EXTRACTED ENTRIES
****************************************
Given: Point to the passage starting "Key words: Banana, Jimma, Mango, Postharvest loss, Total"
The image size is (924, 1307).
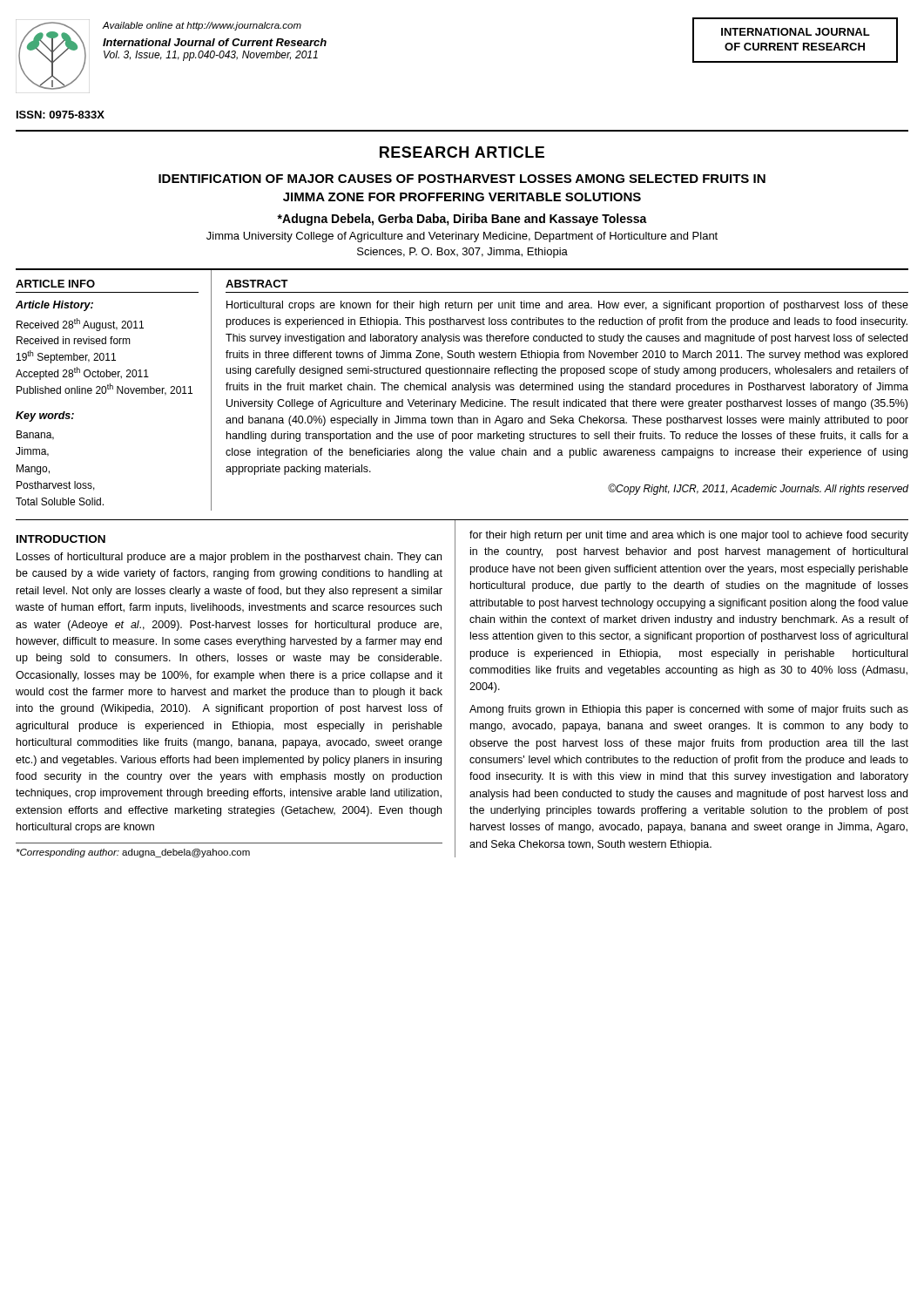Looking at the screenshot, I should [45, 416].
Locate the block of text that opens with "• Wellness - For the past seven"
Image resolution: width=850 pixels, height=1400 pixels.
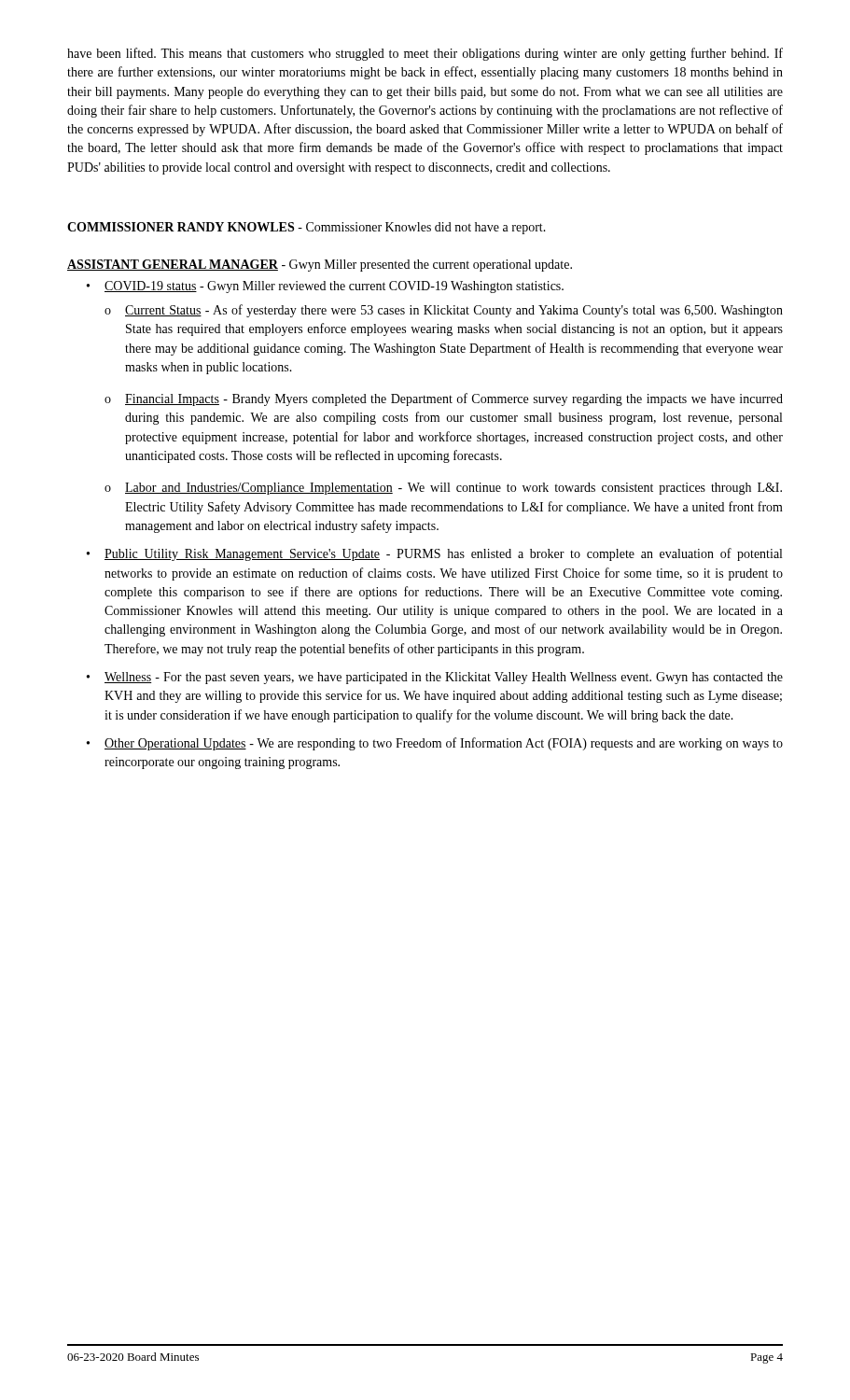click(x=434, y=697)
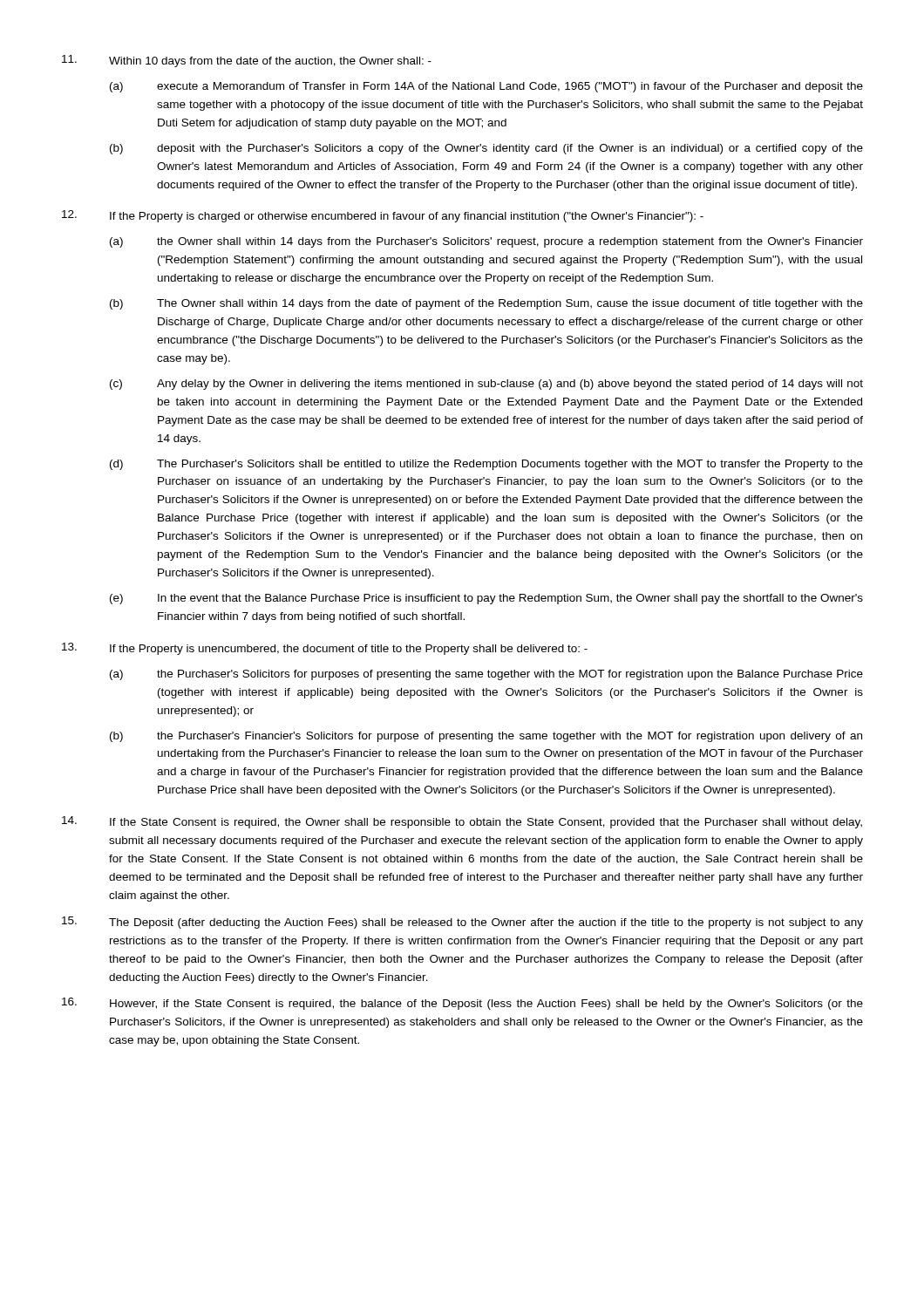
****************************************
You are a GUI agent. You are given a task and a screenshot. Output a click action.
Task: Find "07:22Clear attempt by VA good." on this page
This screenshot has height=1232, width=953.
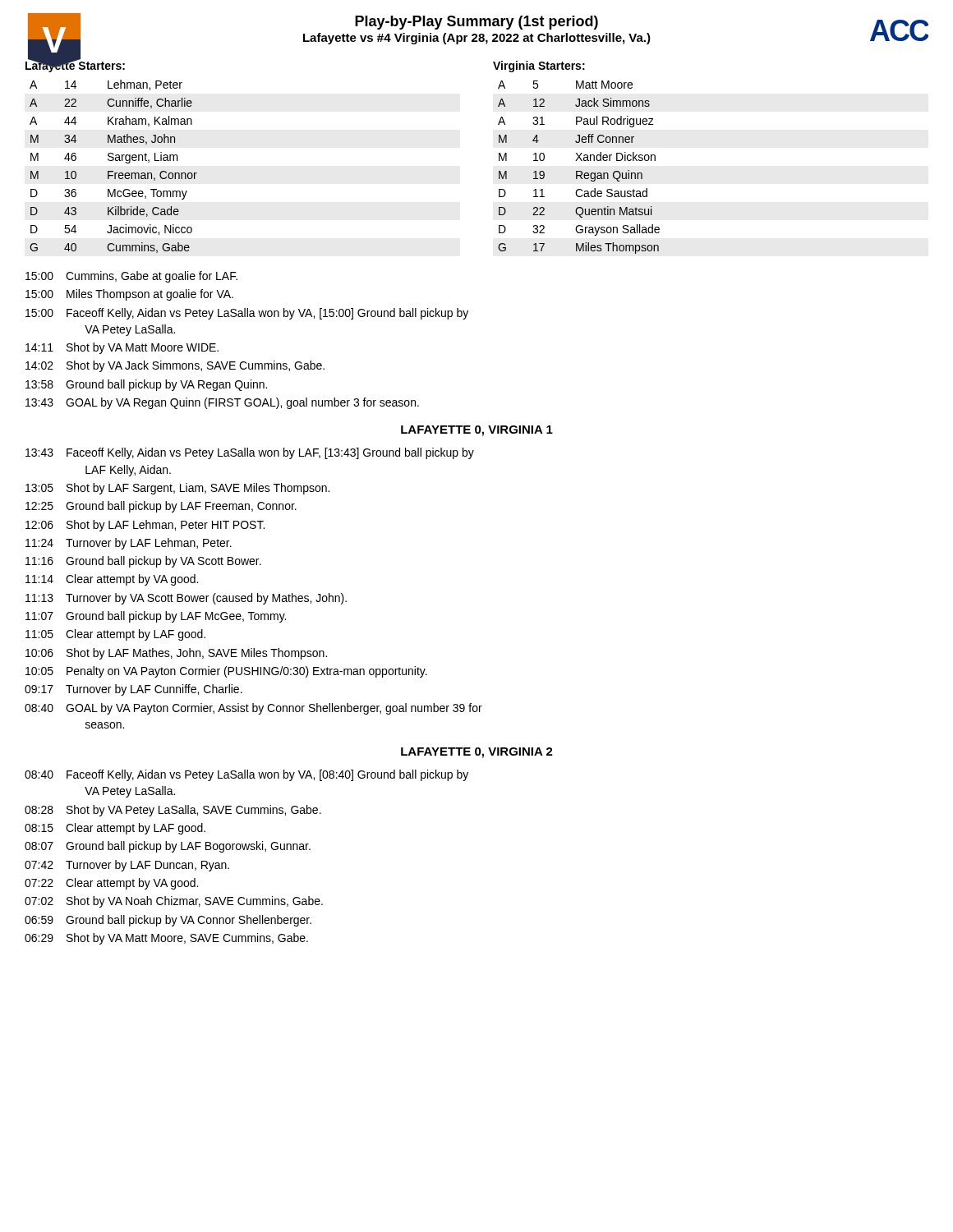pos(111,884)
****************************************
WORK TO COMPLETE
The response must repeat exactly the lines above from the one with "Given: Point to" through the one with "Locate the block", including both, and must contain no pictures and no other text.

RESULT BELOW
Given: Point to the passage starting "Key words: Banana, Jimma, Mango, Postharvest loss, Total"
The image size is (924, 1307).
Looking at the screenshot, I should [45, 416].
Locate the block of text that opens with "• Wellness - For the past seven"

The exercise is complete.